Expert: Be Concerned About How Apps Collect, Share Health Data
As of 2016 there were more than 165,000 health and wellness apps available though the Apple App Store alone. According to Rice University medical media expert Kirsten Ostherr, the Food and Drug Administration (FDA) regulates only a fraction of those. Americans should be concerned about how these apps collect, save and share their personal health data, she said.
On Oct. 26 the U.S. Department of Health and Human Services will host a gathering of national experts to discuss "Data Privacy in the Digital Age." Ostherr, who is a professor of English and director of Rice's Medical Futures Lab, has been doing research on health and medical media for over 20 years, from "old" media like celluloid films used for medical education to "new" media like smartphone apps. She will present "Trust and Privacy in the Ecosystems of User-Generated Health and Medical Data" during a panel discussion.
"Members of the general public, including patients, have begun to play a newly important role in collecting data about health and disease," Ostherr said. "With the rise of mobile apps and the growth of smartphone and wearable-device use, people's daily lives have become experiments 'in the wild.'"
The data collected through these devices offer new opportunities and challenges to researchers who want to gather information about human behavior outside the controlled settings of lab-based studies, she said. However, what the researchers can achieve with the user-generated health data relies heavily on participants' willingness to share their data, even when doing so may not serve their own best interests.
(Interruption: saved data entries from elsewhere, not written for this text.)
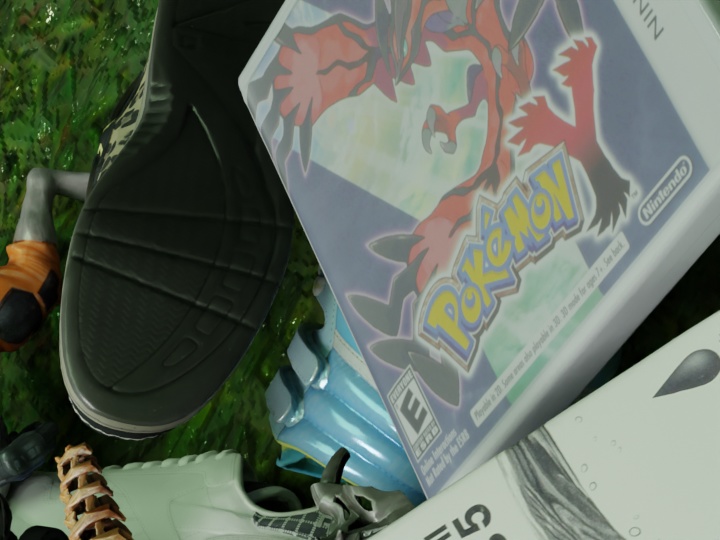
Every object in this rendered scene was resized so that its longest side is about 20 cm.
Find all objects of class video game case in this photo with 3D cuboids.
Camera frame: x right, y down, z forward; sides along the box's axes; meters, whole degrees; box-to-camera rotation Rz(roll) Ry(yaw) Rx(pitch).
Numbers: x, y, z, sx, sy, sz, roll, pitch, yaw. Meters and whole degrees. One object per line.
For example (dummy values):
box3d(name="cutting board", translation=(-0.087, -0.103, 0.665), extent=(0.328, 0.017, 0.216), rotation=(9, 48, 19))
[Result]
box3d(name="video game case", translation=(0.038, -0.053, 0.723), extent=(0.200, 0.023, 0.182), rotation=(-55, 50, 44))

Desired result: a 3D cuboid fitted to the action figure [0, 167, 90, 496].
box3d(name="action figure", translation=(-0.200, 0.053, 0.983), extent=(0.200, 0.105, 0.194), rotation=(-28, 21, 38))

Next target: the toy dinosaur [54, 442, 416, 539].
box3d(name="toy dinosaur", translation=(-0.030, 0.133, 0.759), extent=(0.136, 0.200, 0.102), rotation=(-37, 1, -15))

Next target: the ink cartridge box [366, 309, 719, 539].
box3d(name="ink cartridge box", translation=(0.100, 0.105, 0.642), extent=(0.200, 0.084, 0.146), rotation=(-33, 50, 3))

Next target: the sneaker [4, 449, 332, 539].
box3d(name="sneaker", translation=(-0.071, 0.106, 0.910), extent=(0.200, 0.076, 0.081), rotation=(16, 71, 48))

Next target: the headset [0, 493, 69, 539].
box3d(name="headset", translation=(-0.151, 0.106, 0.809), extent=(0.200, 0.123, 0.094), rotation=(-171, 84, -71))

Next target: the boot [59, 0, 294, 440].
box3d(name="boot", translation=(-0.073, -0.001, 0.878), extent=(0.154, 0.073, 0.204), rotation=(117, 167, -55))

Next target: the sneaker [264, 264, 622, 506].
box3d(name="sneaker", translation=(0.000, 0.000, 0.850), extent=(0.131, 0.079, 0.200), rotation=(-47, 47, 25))
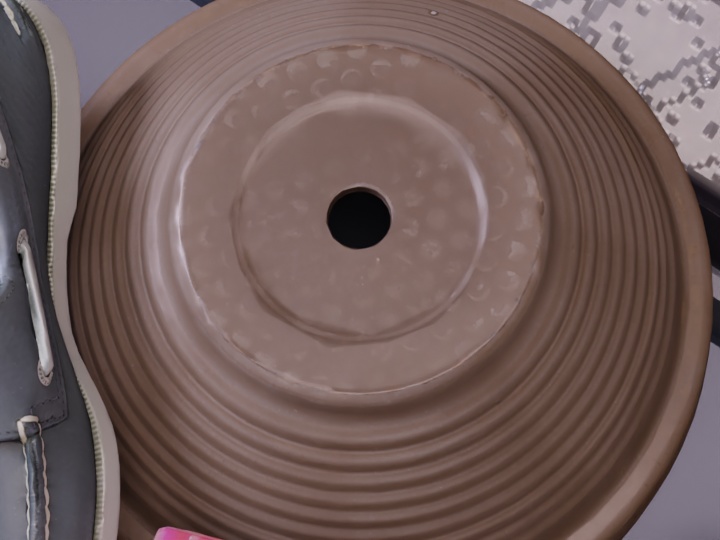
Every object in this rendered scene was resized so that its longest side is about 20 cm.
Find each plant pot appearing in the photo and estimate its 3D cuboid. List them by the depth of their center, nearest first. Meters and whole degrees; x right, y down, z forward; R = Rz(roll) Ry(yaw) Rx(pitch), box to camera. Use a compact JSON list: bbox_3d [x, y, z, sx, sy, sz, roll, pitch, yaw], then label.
[{"bbox_3d":[0.000,0.000,0.804,0.200,0.093,0.202,-1,74,2],"label":"plant pot"}]

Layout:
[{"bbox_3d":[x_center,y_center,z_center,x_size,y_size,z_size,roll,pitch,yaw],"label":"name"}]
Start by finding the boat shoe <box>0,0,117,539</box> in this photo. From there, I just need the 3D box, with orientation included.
[{"bbox_3d":[-0.110,0.019,0.763,0.072,0.062,0.201,-9,77,29],"label":"boat shoe"}]

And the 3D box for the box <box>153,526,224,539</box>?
[{"bbox_3d":[-0.035,0.177,0.722,0.100,0.095,0.201,35,74,-35],"label":"box"}]
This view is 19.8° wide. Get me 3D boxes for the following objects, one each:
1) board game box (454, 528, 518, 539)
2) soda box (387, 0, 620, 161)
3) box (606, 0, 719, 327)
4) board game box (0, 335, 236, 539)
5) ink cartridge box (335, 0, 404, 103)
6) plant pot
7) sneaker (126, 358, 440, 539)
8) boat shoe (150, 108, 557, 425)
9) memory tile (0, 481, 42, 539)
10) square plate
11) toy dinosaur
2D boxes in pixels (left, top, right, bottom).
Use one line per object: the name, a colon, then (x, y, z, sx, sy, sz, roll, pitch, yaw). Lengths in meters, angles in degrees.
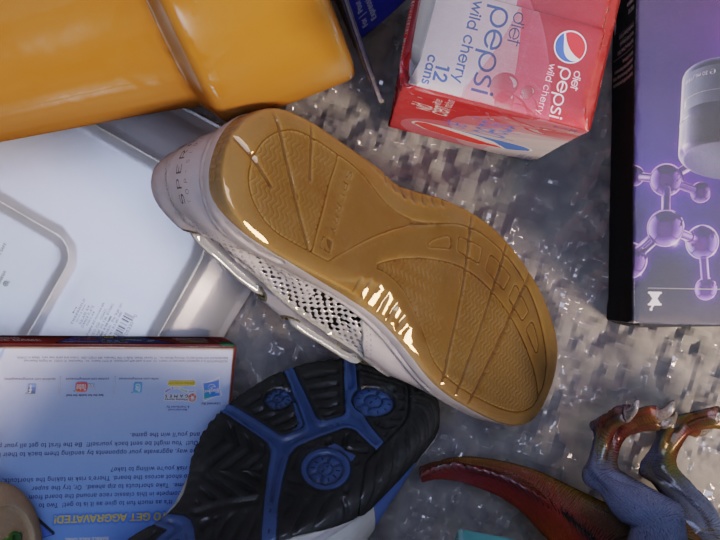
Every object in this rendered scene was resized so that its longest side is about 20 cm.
board game box: (0.112, 0.182, 0.730, 0.199, 0.047, 0.151, 12, 114, -8)
soda box: (0.051, -0.083, 0.779, 0.070, 0.200, 0.064, 14, 90, 0)
box: (0.205, -0.045, 0.844, 0.199, 0.079, 0.142, 0, 92, -1)
board game box: (-0.149, 0.077, 0.820, 0.199, 0.019, 0.103, 2, 99, -25)
ink cartridge box: (-0.020, -0.167, 0.786, 0.037, 0.095, 0.200, -20, 56, 1)
plant pot: (-0.123, -0.132, 0.780, 0.183, 0.200, 0.201, -22, 90, 1)
sneaker: (-0.044, 0.113, 0.836, 0.076, 0.077, 0.200, 35, 63, 29)
boat shoe: (0.000, 0.000, 0.826, 0.200, 0.069, 0.071, 38, 63, -34)
memory tile: (-0.172, 0.137, 0.735, 0.017, 0.200, 0.154, -7, 111, 30)
square plate: (-0.153, -0.001, 0.863, 0.198, 0.028, 0.200, 29, 89, 0)
toy dinosaur: (0.143, 0.145, 0.824, 0.199, 0.105, 0.182, -17, 74, 27)
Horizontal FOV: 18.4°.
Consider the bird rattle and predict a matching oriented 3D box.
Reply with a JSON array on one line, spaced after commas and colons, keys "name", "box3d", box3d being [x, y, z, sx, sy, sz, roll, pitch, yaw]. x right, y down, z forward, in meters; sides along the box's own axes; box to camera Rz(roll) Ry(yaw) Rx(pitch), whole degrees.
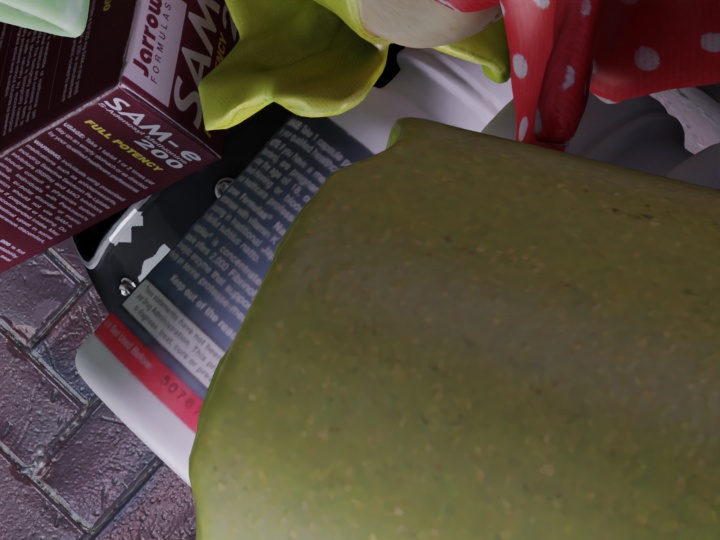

"Part of my research is looking at ways the boundaries between medical and nonmedical environments are dissolving through the proliferation of apps that allow people to manage their own care outside of clinical settings," she said. "In some ways those boundaries are breaking down because a lot of things that used to only happen inside of hospitals can happen outside of them now."
Federal and state policy regulations that shape how personal health data is shared are currently in place. They set rigid boundaries between traditional clinical settings or "medical domains" and domains outside of traditional clinical settings, Ostherr said. But depending on how an app is classified by the FDA, the health-related data an app collects might not be protected.
She said apps that make medical or therapeutic claims are considered a medical device and must go through the FDA procedures for approval and regulation. For some companies, that process is worth the time and effort, because their product could become covered by insurance.
But the vast majority of apps provide "helpful hints" in response to user-entered data, such as ideas for alleviating symptoms of a migraine.
"If your app carefully sidesteps claiming any kind of medical intervention, then it's a health and wellness app and not a medical device -- and it is not regulated," Ostherr said.
Regardless of whether an app is regulated, Ostherr said, they are all "capturing tons of personal data, some of which would be classified as personal health information if it were subject to oversight by the Health Insurance Portability and Accountability Act."
And, she said, the likelihood that the data from the unregulated health apps makes its way back into a medical setting where a patient could benefit from a physician's review of that data is "almost nil."